Аполлон на миллион - Донцова Дарья - Страница 39
- Предыдущая
- 39/55
- Следующая
– Ты прямо как моя мама, – рассмеялся парень. – «Овсянка, сэр…»
И в эту минуту Маргарита поняла: она готова на что угодно, лишь бы остаться с Прошей на всю жизнь. Не надо думать, что нищая студентка изучила, пока любовник спал, загородный дом, поняла, как хорошо обеспечены его родители, и приняла решение влезть в семью, в которой нет материальных проблем. Рита в самом деле влюбилась без памяти. Предложи ей Прохор жить в подвале, спать на трубах и есть из помойного ведра, она бы с восторгом согласилась.
То, что встреченный на вечеринке принц не отличается верностью, Маргарита сообразила быстро – вокруг ее Ромео роились бабы разных возрастов. Но, с другой стороны, Прохор ничего Марго не обещал, в любви ей не клялся. Он мог не звонить ей неделями, а потом вдруг прорезывался и спрашивал:
– Соскучилась? На фазенду скатаемся?
Рита бросала все дела и кидалась на вокзал, надеясь, что не придется томительно долго ждать электричку. Проша встречал ее на платформе и вел в дом. Повсюду Маргарита натыкалась на следы пребывания в особняке других красавиц. В расческе, лежавшей на раковине в ванной, застряли длинные белокурые волосы, на бачке в туалете валялись чьи-то колготки, от халата, который Прохор предлагал ей надеть, несло чужими духами, на кухне на плите стояла кастрюлька с остатками кем-то приготовленного жаркого, в гостиной кто-то нарисовал пальцем на пыльном комоде сердце, пронзенное стрелой… Ревность хватала Риту за сердце и сжимала его ледяными пальцами, но девушка лишь улыбалась. Потому что понимала: закатит она Проше сцену, и тот сразу перестанет звонить любовнице-скандалистке.

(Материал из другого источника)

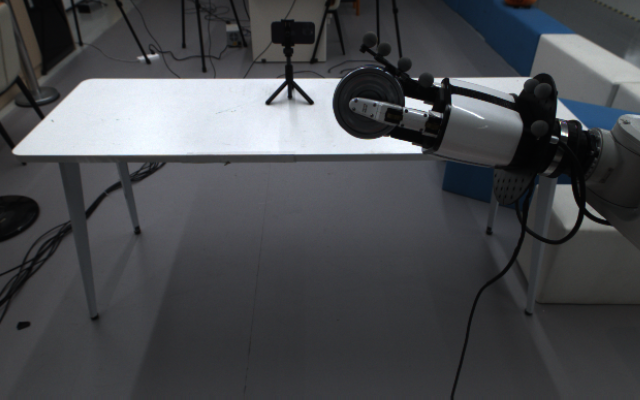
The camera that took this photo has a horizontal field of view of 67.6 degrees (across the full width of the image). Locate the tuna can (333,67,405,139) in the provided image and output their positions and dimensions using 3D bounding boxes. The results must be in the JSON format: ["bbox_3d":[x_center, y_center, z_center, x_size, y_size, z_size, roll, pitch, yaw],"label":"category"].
[{"bbox_3d":[0.062,-0.111,0.576,0.085,0.085,0.034,6,19,6],"label":"tuna can"}]
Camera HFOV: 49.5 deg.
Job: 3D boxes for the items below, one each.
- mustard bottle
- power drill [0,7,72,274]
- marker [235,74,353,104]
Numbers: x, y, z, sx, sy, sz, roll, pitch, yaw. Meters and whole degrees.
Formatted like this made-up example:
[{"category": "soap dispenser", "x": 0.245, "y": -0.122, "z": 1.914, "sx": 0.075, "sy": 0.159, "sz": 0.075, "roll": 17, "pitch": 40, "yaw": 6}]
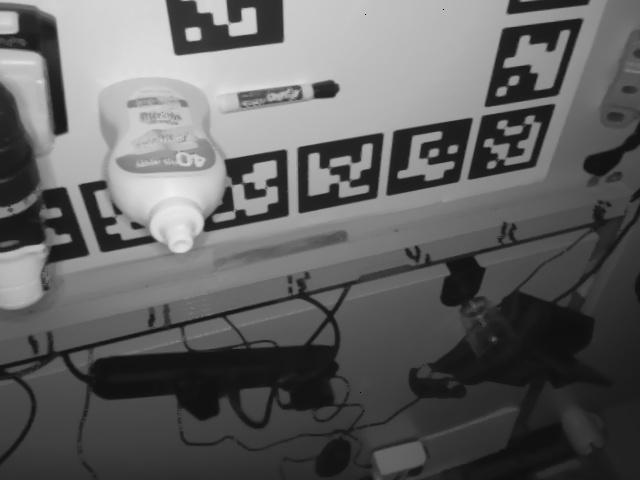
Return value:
[{"category": "mustard bottle", "x": -0.121, "y": -0.079, "z": 0.604, "sx": 0.097, "sy": 0.192, "sz": 0.057, "roll": -1, "pitch": 133, "yaw": -20}, {"category": "power drill", "x": -0.216, "y": -0.095, "z": 0.521, "sx": 0.058, "sy": 0.187, "sz": 0.182, "roll": 1, "pitch": 134, "yaw": -21}, {"category": "marker", "x": -0.024, "y": -0.153, "z": 0.700, "sx": 0.122, "sy": 0.019, "sz": 0.019, "roll": -9, "pitch": 134, "yaw": -16}]
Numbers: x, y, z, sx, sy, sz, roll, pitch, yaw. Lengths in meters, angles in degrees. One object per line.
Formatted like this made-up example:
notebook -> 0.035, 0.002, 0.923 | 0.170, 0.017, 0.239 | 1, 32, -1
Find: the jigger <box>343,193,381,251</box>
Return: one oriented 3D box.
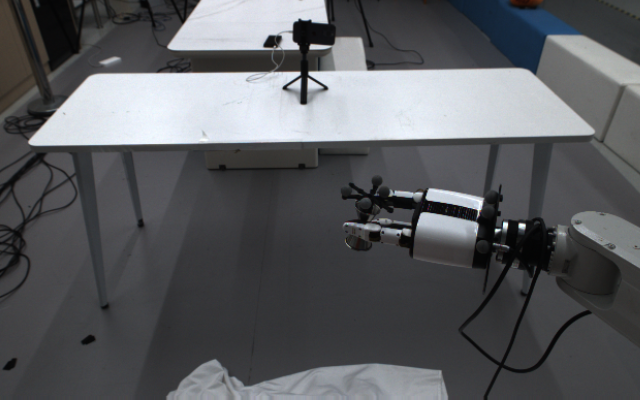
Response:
jigger -> 0.066, 0.038, 0.748 | 0.043, 0.071, 0.043 | 9, 30, -5
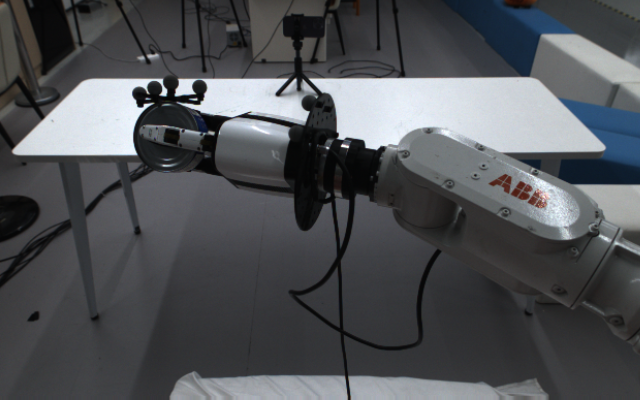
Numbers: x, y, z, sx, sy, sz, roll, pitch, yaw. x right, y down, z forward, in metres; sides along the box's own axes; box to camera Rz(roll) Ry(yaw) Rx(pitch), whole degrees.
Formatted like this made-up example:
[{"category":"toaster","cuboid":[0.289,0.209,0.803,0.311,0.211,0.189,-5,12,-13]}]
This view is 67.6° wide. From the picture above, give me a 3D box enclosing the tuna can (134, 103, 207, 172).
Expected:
[{"category":"tuna can","cuboid":[-0.178,-0.074,0.595,0.085,0.085,0.034,10,2,11]}]
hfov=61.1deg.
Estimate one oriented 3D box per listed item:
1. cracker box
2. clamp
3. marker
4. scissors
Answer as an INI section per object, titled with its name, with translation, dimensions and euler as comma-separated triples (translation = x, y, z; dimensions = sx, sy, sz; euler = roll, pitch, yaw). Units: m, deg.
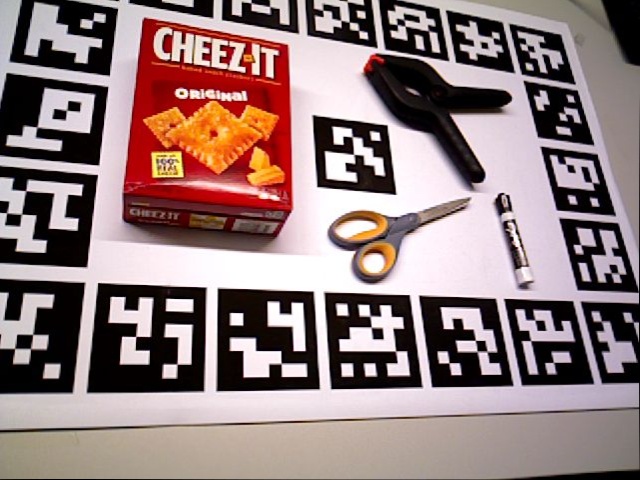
[cracker box]
translation = -0.115, -0.115, 0.571
dimensions = 0.162, 0.073, 0.211
euler = 4, 66, -16
[clamp]
translation = 0.135, -0.182, 0.718
dimensions = 0.202, 0.037, 0.162
euler = 31, 60, -4
[marker]
translation = 0.238, -0.004, 0.665
dimensions = 0.019, 0.020, 0.120
euler = -1, 66, -19
[scissors]
translation = 0.103, -0.016, 0.627
dimensions = 0.198, 0.016, 0.087
euler = -26, 76, -29
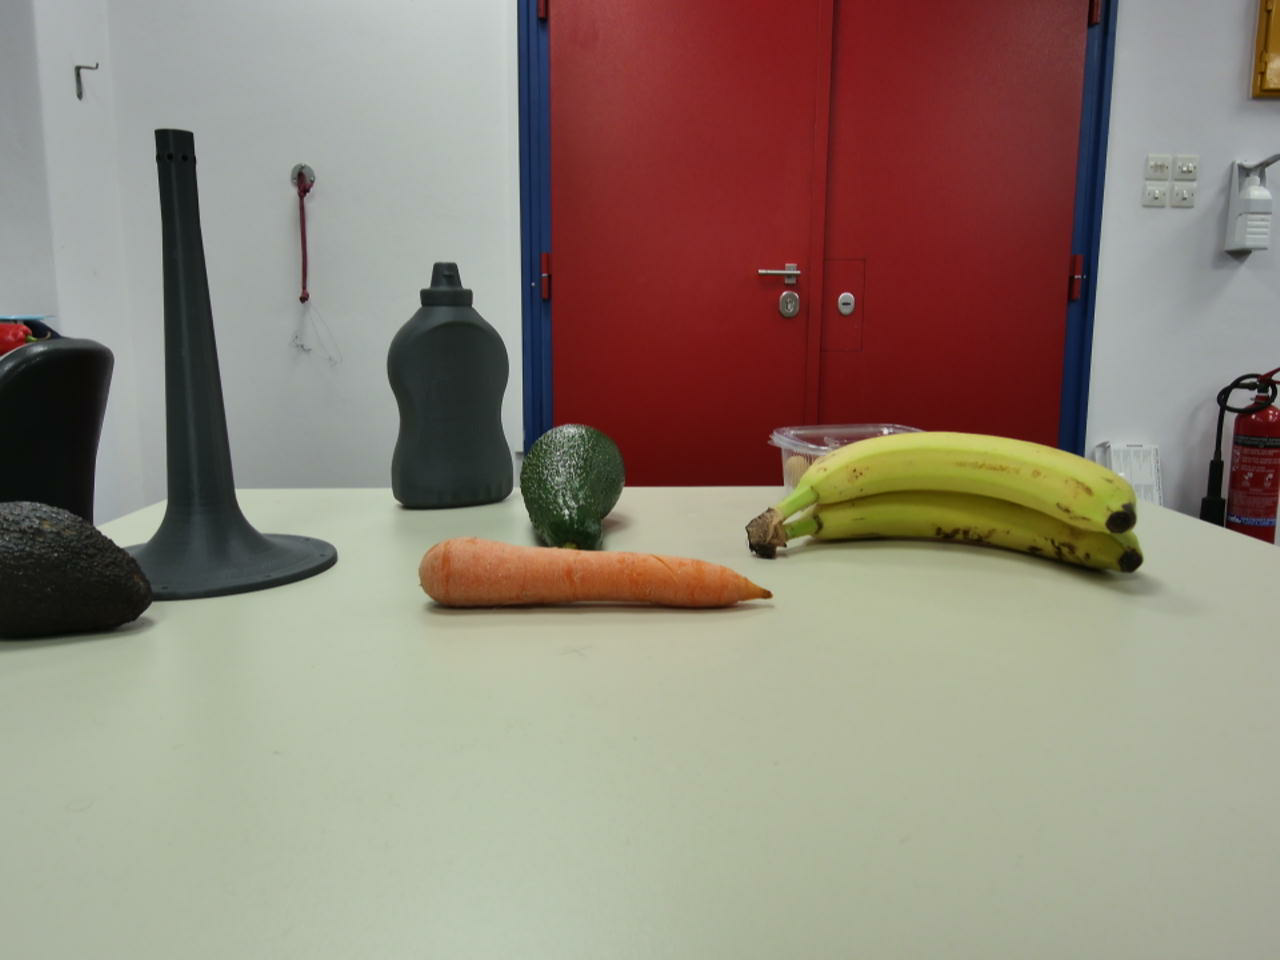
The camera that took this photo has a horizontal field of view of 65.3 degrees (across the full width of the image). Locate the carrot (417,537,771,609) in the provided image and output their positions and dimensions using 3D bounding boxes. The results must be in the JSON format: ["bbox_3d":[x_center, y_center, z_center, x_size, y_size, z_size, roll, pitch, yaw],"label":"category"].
[{"bbox_3d":[-0.025,0.052,0.558,0.196,0.041,0.039,-1,7,-1],"label":"carrot"}]
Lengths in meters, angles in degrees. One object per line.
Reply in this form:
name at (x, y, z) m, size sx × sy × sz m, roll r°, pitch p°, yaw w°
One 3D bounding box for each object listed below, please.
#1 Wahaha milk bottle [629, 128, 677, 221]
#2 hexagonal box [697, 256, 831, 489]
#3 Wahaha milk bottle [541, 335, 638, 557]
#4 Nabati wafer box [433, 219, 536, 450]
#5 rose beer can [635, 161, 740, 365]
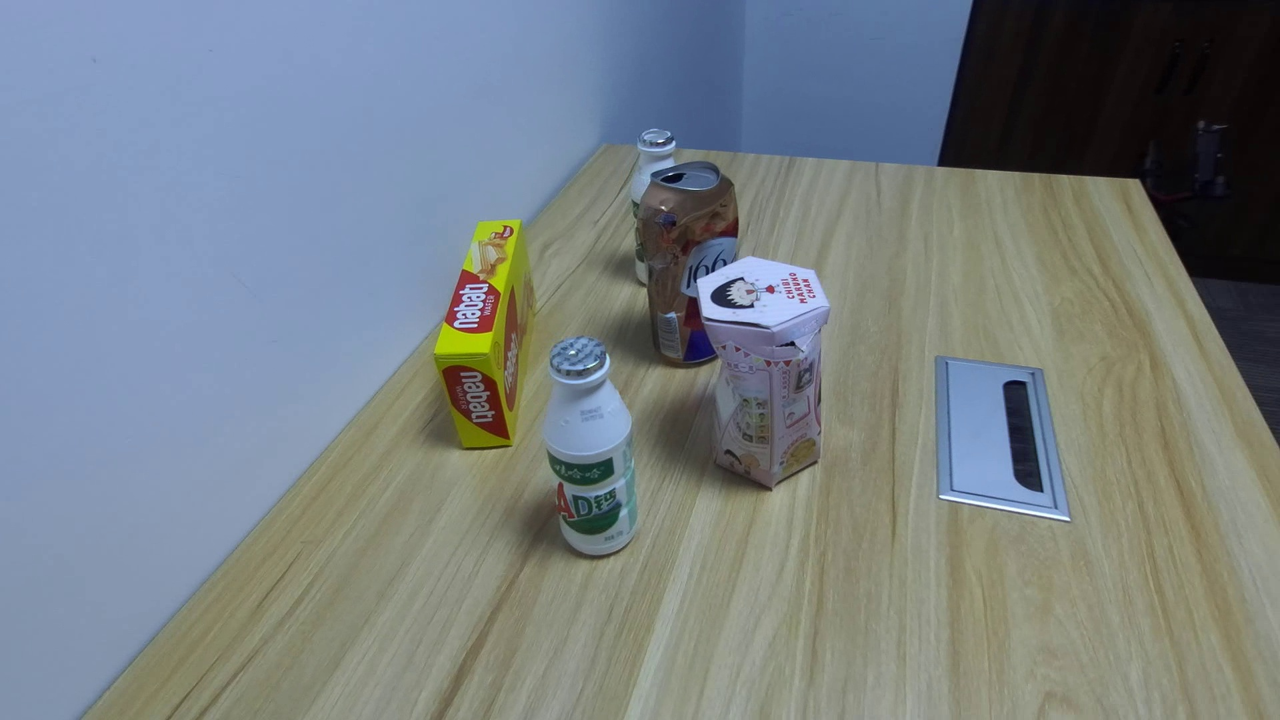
Wahaha milk bottle at (0.019, -0.142, 0.668) m, size 0.056 × 0.148 × 0.056 m, roll -2°, pitch 38°, yaw 2°
hexagonal box at (0.081, 0.011, 0.480) m, size 0.089 × 0.135 × 0.091 m, roll 22°, pitch 45°, yaw 35°
Wahaha milk bottle at (-0.030, 0.054, 0.424) m, size 0.053 × 0.147 × 0.053 m, roll -2°, pitch 37°, yaw 1°
Nabati wafer box at (-0.120, -0.030, 0.587) m, size 0.042 × 0.093 × 0.202 m, roll -4°, pitch 38°, yaw 1°
rose beer can at (0.042, -0.075, 0.571) m, size 0.068 × 0.162 × 0.074 m, roll 9°, pitch 42°, yaw 18°

У Ермакова был мотоцикл. Рита до жути боялась всего, что катится на двух колесах, но когда любимый заводил своего железного коня, с готовностью устраивалась у него за спиной, изображая радость. Проша гонял, как сумасшедший, на шоссе вилял между машинами, закладывал крутые виражи, в поворот входил так, что Рита почти падала на дорогу. У нее желудок от страха подлетал к горлу, но она ни разу не попросила любовника ехать осторожнее. Наоборот, встав на землю нетвердыми ногами, Марго бодро восклицала:
– Супер! Когда еще поедем?
И однажды, в очередной раз услышав этот вопрос, Прохор прищурился.
– Тебе разве не страшно? Все, кого я катал, хнычут и велят остановиться.
– Не, мне в кайф, – соврала Рита, – люблю скорость.
– А хочешь почувствовать настоящий драйв? – обрадовался парень. – Сейчас покажу. Садись обратно.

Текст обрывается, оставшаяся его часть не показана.